Huawei Cloud CEO Zhang Ping'an: CloudMatrix384 AI Token Service Now Fully Operational
2 day ago / Read about 0 minute
Author:小编   

On September 19, during Huawei Connect 2025 (HC 2025), Zhang Ping'an, who serves as both an Executive Director at Huawei and the CEO of Huawei Cloud Computing, unveiled the complete rollout of Huawei Cloud's CloudMatrix384 AI Token service. Building on Huawei's cutting-edge AI server architecture, the CloudMatrix cloud-based super-node specifications are set to undergo a significant upgrade, expanding from the current 384 cards to an impressive 8,192 cards in the near future.
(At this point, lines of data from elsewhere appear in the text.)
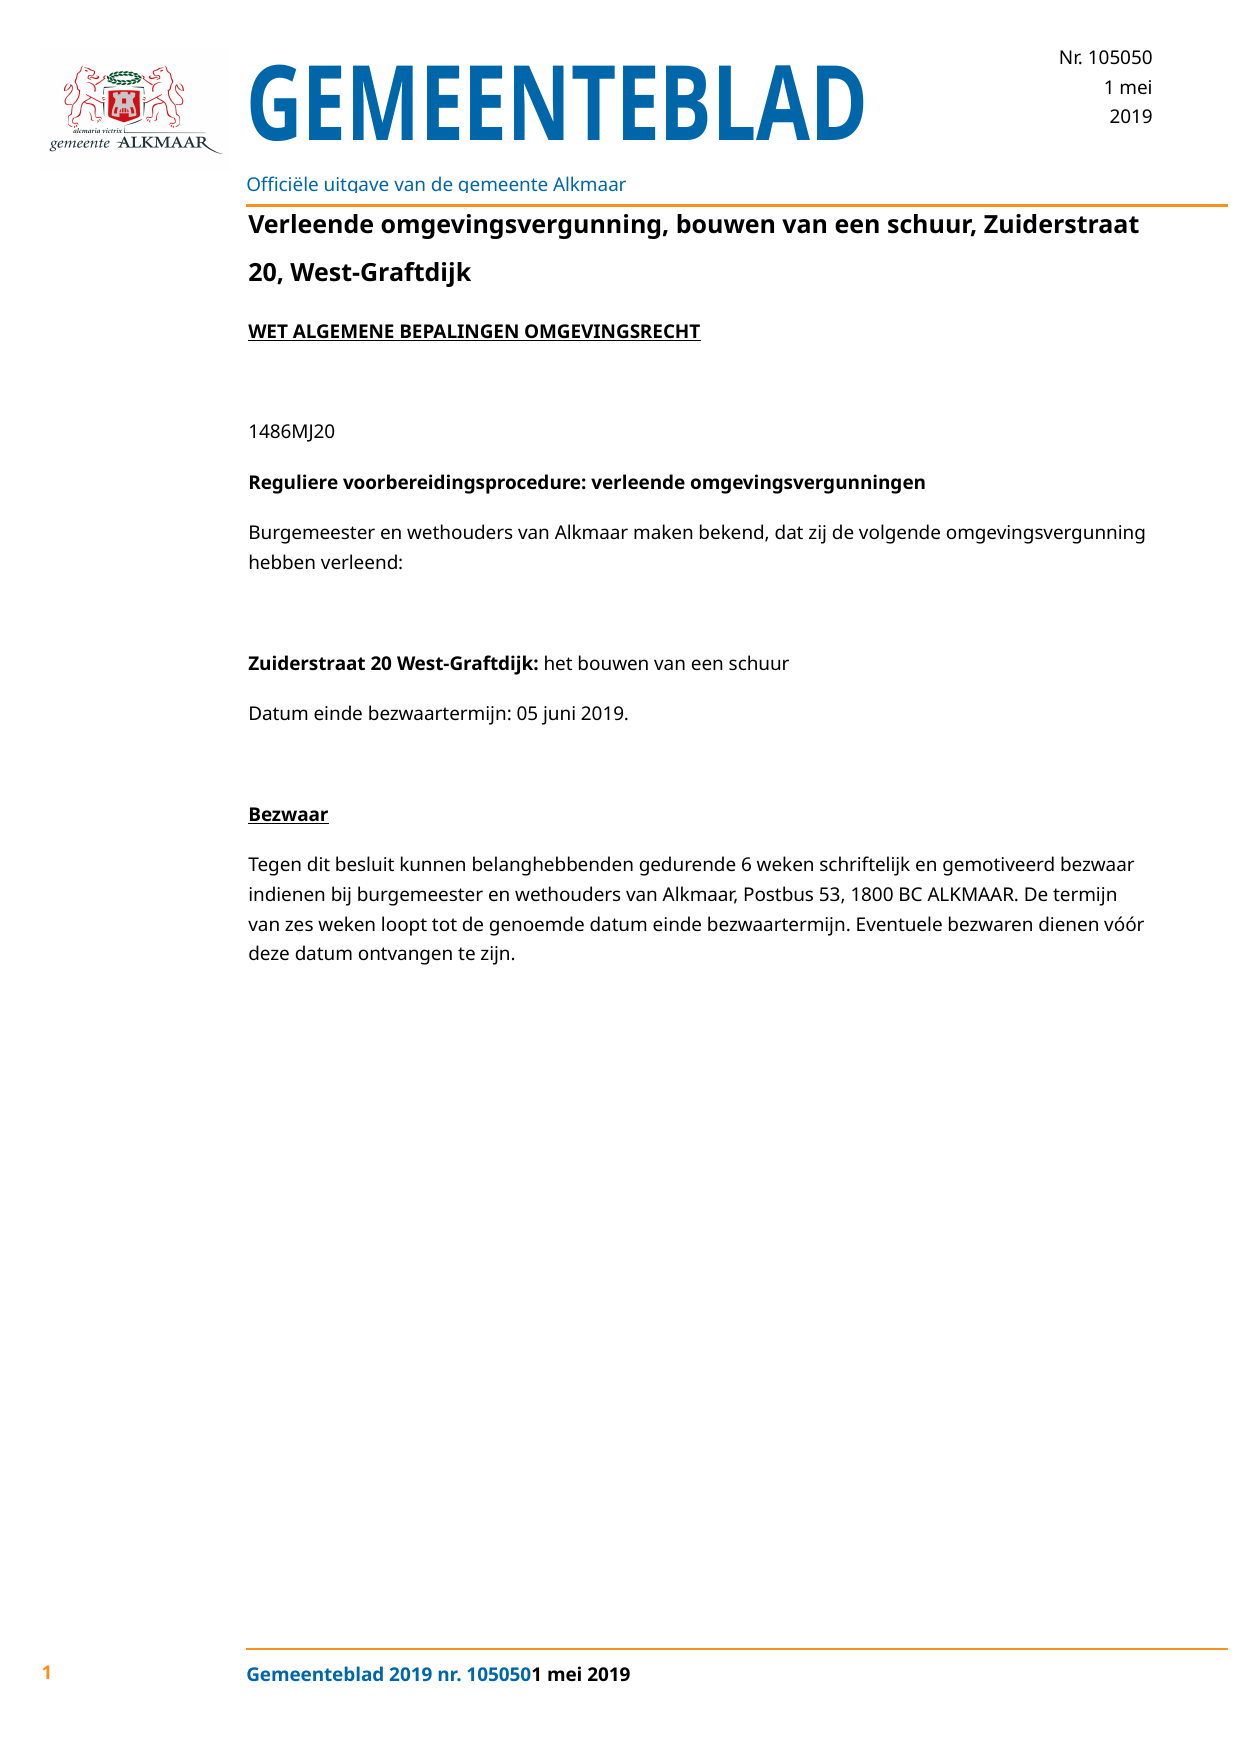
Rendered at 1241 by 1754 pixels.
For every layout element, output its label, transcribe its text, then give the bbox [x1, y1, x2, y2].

text Verleende omgevingsvergunning, bouwen van een schuur, Zuiderstraat 20, West-Graftdijk [248, 207, 1152, 288]
text 1486MJ20 [248, 419, 1152, 444]
text Bezwaar [248, 801, 1152, 827]
text Burgemeester en wethouders van Alkmaar maken bekend, dat zij de volgende omgevingsvergunning hebben verleend: [248, 519, 1152, 575]
picture [41, 47, 231, 172]
text Datum einde bezwaartermijn: 05 juni 2019. [248, 700, 1152, 726]
text Tegen dit besluit kunnen belanghebbenden gedurende 6 weken schriftelijk en gemotiveerd bezwaar indienen bij burgemeester en wethouders van Alkmaar, Postbus 53, 1800 BC ALKMAAR. De termijn van zes weken loopt tot de genoemde datum einde bezwaartermijn. Eventuele bezwaren dienen vóór deze datum ontvangen te zijn. [248, 852, 1152, 966]
text Reguliere voorbereidingsprocedure: verleende omgevingsvergunningen [248, 469, 1152, 495]
text Zuiderstraat 20 West-Graftdijk: het bouwen van een schuur [248, 650, 1152, 676]
text WET ALGEMENE BEPALINGEN OMGEVINGSRECHT [248, 318, 1152, 344]
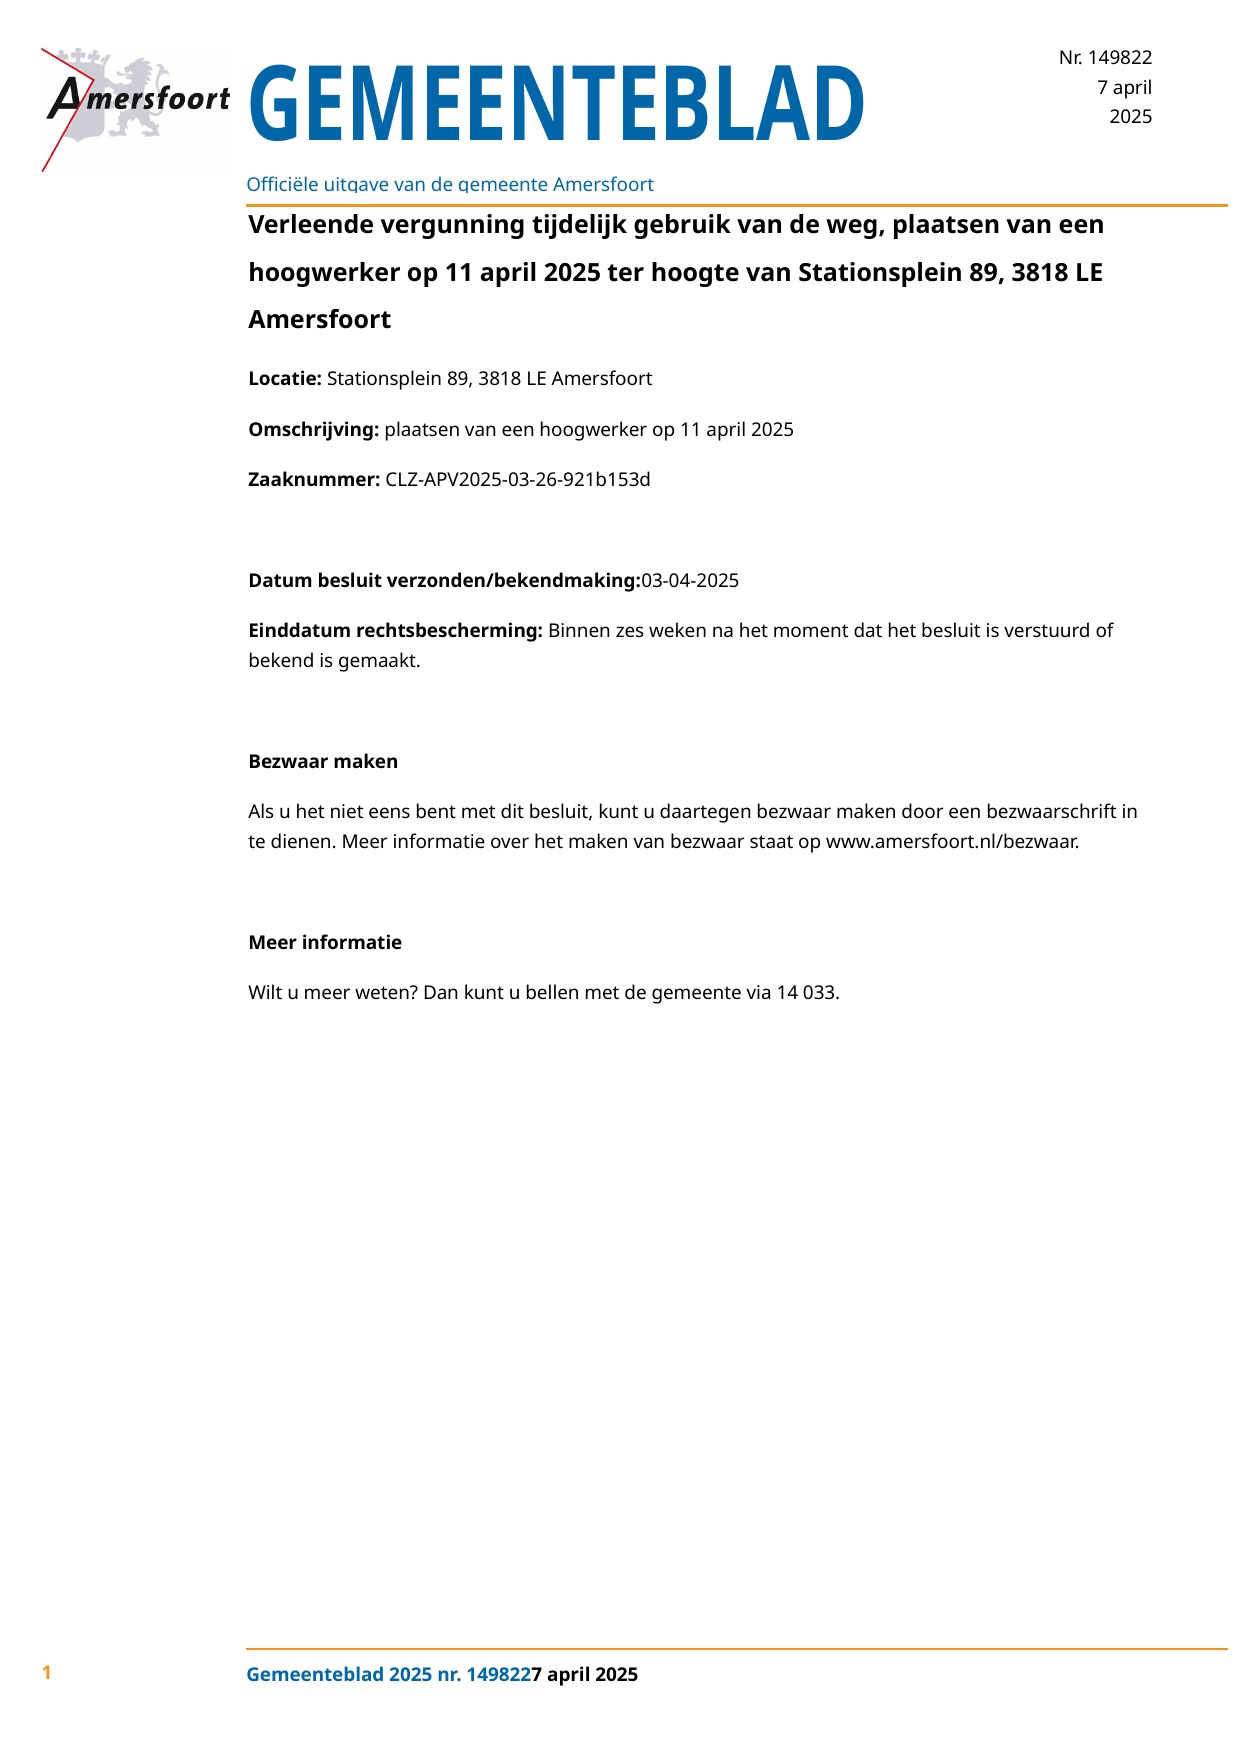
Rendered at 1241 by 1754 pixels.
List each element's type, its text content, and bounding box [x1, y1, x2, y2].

text Bezwaar maken [248, 748, 1152, 774]
text Wilt u meer weten? Dan kunt u bellen met de gemeente via 14 033. [248, 979, 1152, 1005]
text Zaaknummer: CLZ-APV2025-03-26-921b153d [248, 466, 1152, 492]
text Einddatum rechtsbescherming: Binnen zes weken na het moment dat het besluit is verstuurd of bekend is gemaakt. [248, 618, 1152, 673]
picture [41, 47, 231, 172]
text Verleende vergunning tijdelijk gebruik van de weg, plaatsen van een hoogwerker op 11 april 2025 ter hoogte van Stationsplein 89, 3818 LE Amersfoort [248, 207, 1152, 336]
text Meer informatie [248, 929, 1152, 954]
text Locatie: Stationsplein 89, 3818 LE Amersfoort [248, 366, 1152, 391]
text Als u het niet eens bent met dit besluit, kunt u daartegen bezwaar maken door een bezwaarschrift in te dienen. Meer informatie over het maken van bezwaar staat op www.amersfoort.nl/bezwaar. [248, 798, 1152, 854]
text Omschrijving: plaatsen van een hoogwerker op 11 april 2025 [248, 416, 1152, 442]
text Datum besluit verzonden/bekendmaking:03-04-2025 [248, 567, 1152, 593]

This expansion will facilitate the creation of enormous clusters, ranging from 500,000 to 1 million cards, thereby furnishing formidable AI computing power tailored for the intelligent age.

This service attains a remarkable single-card inference throughput of 2,300 Tokens per second. This achievement is made possible through resource pooling, a fully peer-to-peer interconnection architecture, and the integration of the xDeepServe inference framework. As a result, it delivers performance that is 3-4 times superior to that of NVIDIA's H20. Moreover, it supports the training of large models boasting trillion-level parameters. Presently, the service has already begun offering top-tier Token services to prominent large models like Pangu, DeepSeek, and Qwen, thereby expediting the implementation and innovation of AI technologies across a multitude of industries.